Anyone have any ideas how to patch the codegen so it'll clean up the stack properly?
IIRC the goto rules in classic pascals were:
jumps are only allowed out of a block (iow from a higher to a lower nesting level on the "same" branch of the tree)
from local procedures to their parents.
The later was afaik never supported by Borland derived Pascals, but the first still holds.
So you need to generate exiting code like Martin says, but possibly it can be for multiple block levels, so you can't have a could codegeneration for each goto, but must generate code (to exit the precise number of needed blocks).
A typical test pattern is to exit from multiple nested ifs (possibly within a loop) using a goto, since that was a classic microoptimization that was faster at least up to D7.
Keep in mind that the if evaluation(s) and the begin..end blocks of their branches might have generated temps that need cleanup.
---------- added later
I think the codegenerator needs a way to walk the scopes between the goto and its endpoint, generating the relevant exit code for blocks along the way. That way a fix works for the general case and not just this example.
Since you can only jump out of scopes, and not into it that might not that be that hard.
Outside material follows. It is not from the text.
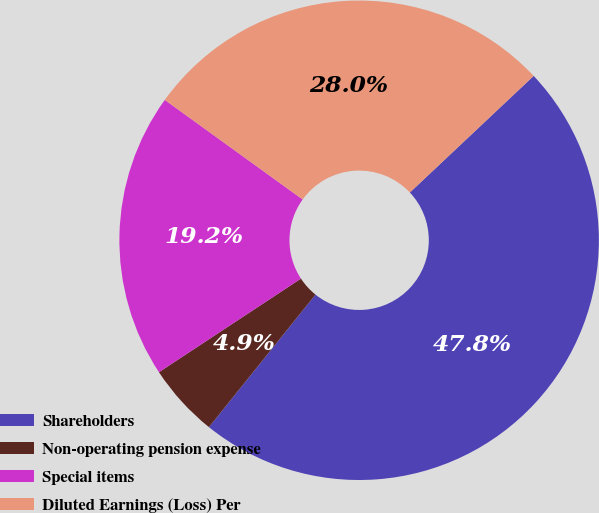Convert chart to OTSL. <chart><loc_0><loc_0><loc_500><loc_500><pie_chart><fcel>Shareholders<fcel>Non-operating pension expense<fcel>Special items<fcel>Diluted Earnings (Loss) Per<nl><fcel>47.8%<fcel>4.95%<fcel>19.23%<fcel>28.02%<nl></chart> 
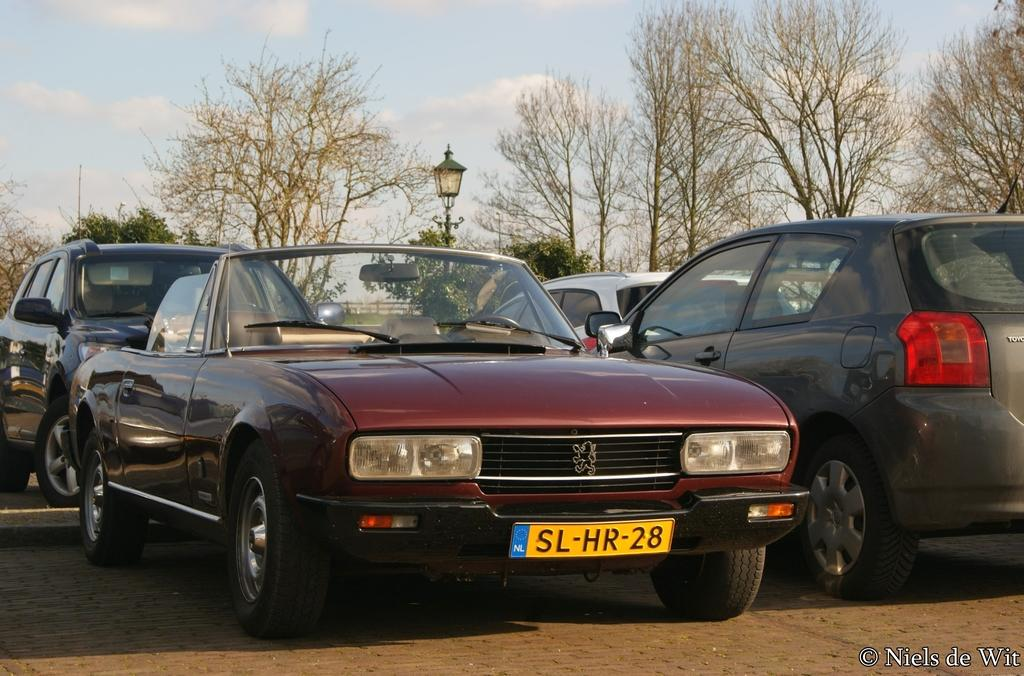What can be seen parked in the image? There are cars parked in the image. What type of light is present in the image? There is a pole light in the image. What type of vegetation is visible in the image? There are trees visible in the image. How would you describe the sky in the image? The sky is blue and cloudy in the image. Where is the text located in the image? The text is at the bottom right corner of the image. Are there any cherries hanging from the trees in the image? There is no mention of cherries in the image; only trees are mentioned. Can you see a net used for sports in the image? There is no net visible in the image.

IOW generate something that is equivalent to (for a hypothetical double case block)
Lgoto1gluecode:
// exit code first block
pop x
pop y
// exit code first block
pop A
pop B
goto real_goto_destination
Additional analysis can be done. E.g. if there is only one scope, and it has already a cleanup exit label, you can jump directly. If you know for certain that the above pop's are only discarded values (and not saves of registers) you can do them at once with add $16,%esp (4*4 byte values) etc.
The straightforward solution would be:
When generating a GOTO for goto statement, prefix the GOTO with the same cleanup code that comes before RET.
It looks to me like the calculation of how far to jump forward is the problem. I would have to spend some time looking at the implementation of the parser to help further, but my guess would be that additional handling must be performed when using a goto and there are values on the stack AND the goto would be placed after those values would be removed from the stack. Of course to determine this you would need to save the current location being parsed (the goto) and the forward parse to the target location watching for stack changes, and if so then to either adjust the goto location backwards, or inject the code as Martin suggested.